The Fintech Year of 2021 – An Industry Recap

Writing a 2021 recap of fintech has been a tough call. No misunderstandings here: A lot has happened in the industry. But we have gotten so used to the future of payments being both digital and mobile (and some would throw a decentralized in there, too). Long familiar talking points continue rotating in the press: 

  • Embedded Finance keeps breaking through.
  • BigTech companies still follow their payment ambitions. 
  • Invisible payments in mobile and online payment remain attractive for customers. 
  • Embracing Open Banking is significant for all financial players. 
  • The promises of Artificial Intelligence await around the corner. 

So what is to write, when we can expect all of this to define the financial industry in the next years? Well, the devil will be in the details: How will those factors play out on the level of specific target groups, use cases or nations? How is the fintech industry holding up as a whole? And what happened in the crypto sphere? 

You see, there still is a lot we can talk about… 

The Fin-vestments Boom

An infographic showing the distribution of the top 100 fintech companies around the world.

Starting our recap, we have to speak about fintech as a whole. For the global economy, 2021 had an enduring pandemic, growing inflation and supply shortages in stock. But in the fintech industry specifically, this did not sour the mood. Last year has been a record year for financial technology companies. By the third quarter, worldwide funding of the sector had already surpassed $94 billion – that’s roughly double the amount of investment gathered in the year prior.1 As of now, 151 new fintech unicorn joined the herd. One of the most valuable – Trade Republic, at $5.3 billion – even originated in Germany. 

An infographic showing how many of the top 100 fintech companies of 2021 were B2B, B2C or both.

Speaking of which: The German fintech sphere as a whole looks back on a boom year, too. The number of new fintech startups founded in 2021 has increased by 80% compared to the previous year. This brought the German fintech startup count above 1000 companies for the first time.2 The funding totals came out even more promising: Until the end of September, more than €3.2 billion were invested in German fintech – more than in the entirety of 2019, the prior record year.3

Fintech is not just a talking point – it’s a dynamic industry promising to initiate transformations worth high investments.
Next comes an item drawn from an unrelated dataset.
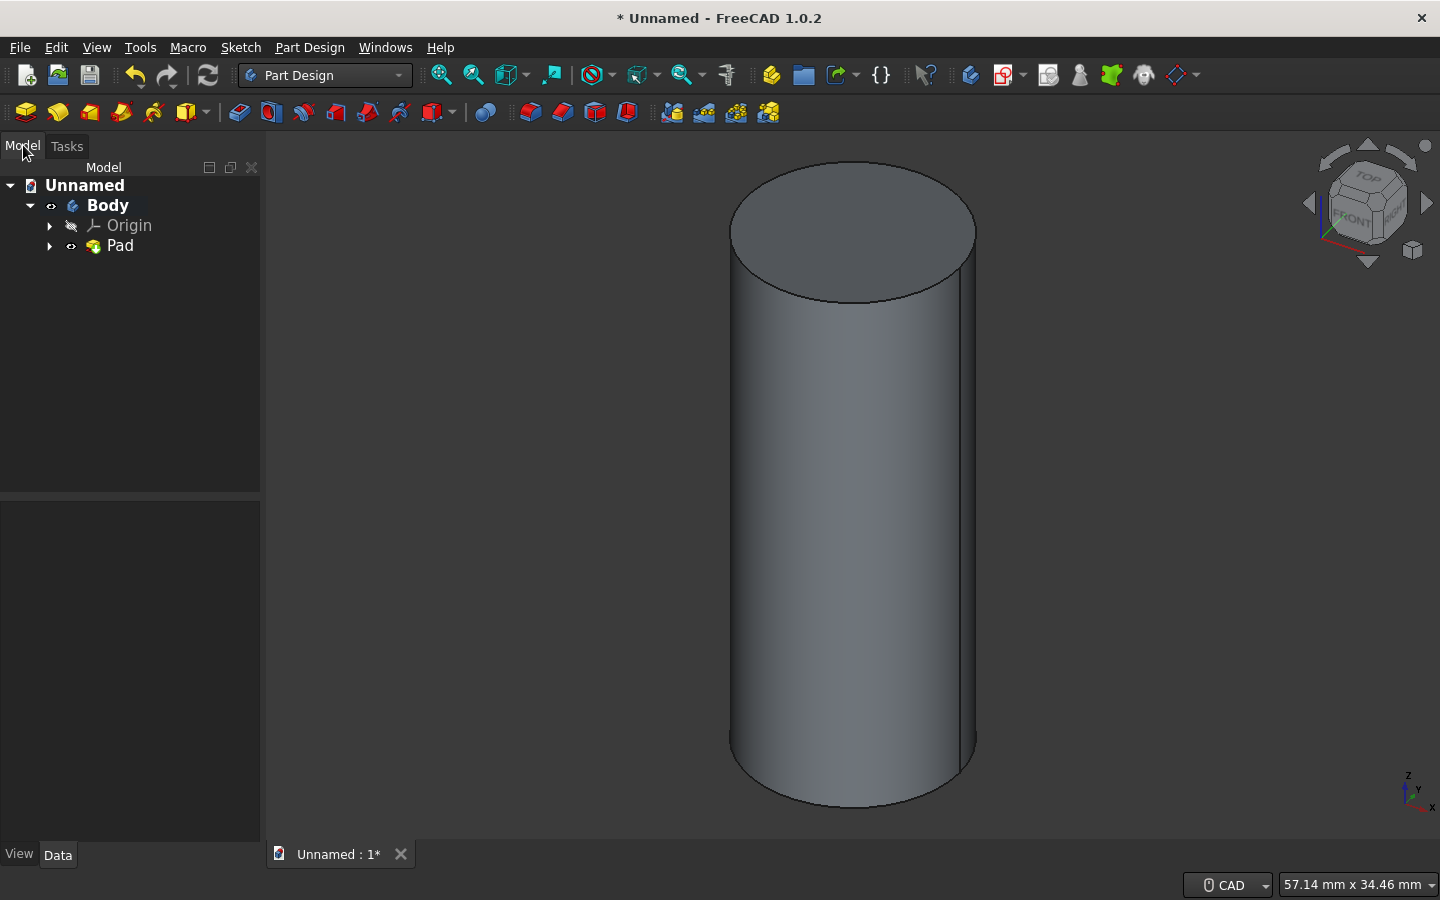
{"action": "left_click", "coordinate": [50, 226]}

Non-cash transactions are becoming more and more popular.

Buy Now, Pay Later

“Buy Now, Pay Later” (BNPL) continues to be one of the prominent topics in the financial industry. It started out big in 2020, when the pandemic forced consumers to stay at home.

In 2021, the trend continued – at least regarding transaction numbers and adoption rates. Fintech enterprises like Klarna, Square (now Block), Affirm and trusty PayPal lead the way in this regard. Some of them used the year to sharpen their BNPL profile even further: Square acquired the Australian company Afterpay. PayPal has stated its intent to do the same with the Japanese Paidy. And Apple and Mastercard are looking into it, too. 4 

Yet, “Buy Now, Pay Later” would not be that much of a game-changer, if digital shopping platforms didn’t want to play. And they very much do, adopting BNPL left and right! Online Marketplaces like Amazon embraced providers like Affirm, Klarna and Zip and just recently teamed up with Barclays to build a BNPL solution for UK customers.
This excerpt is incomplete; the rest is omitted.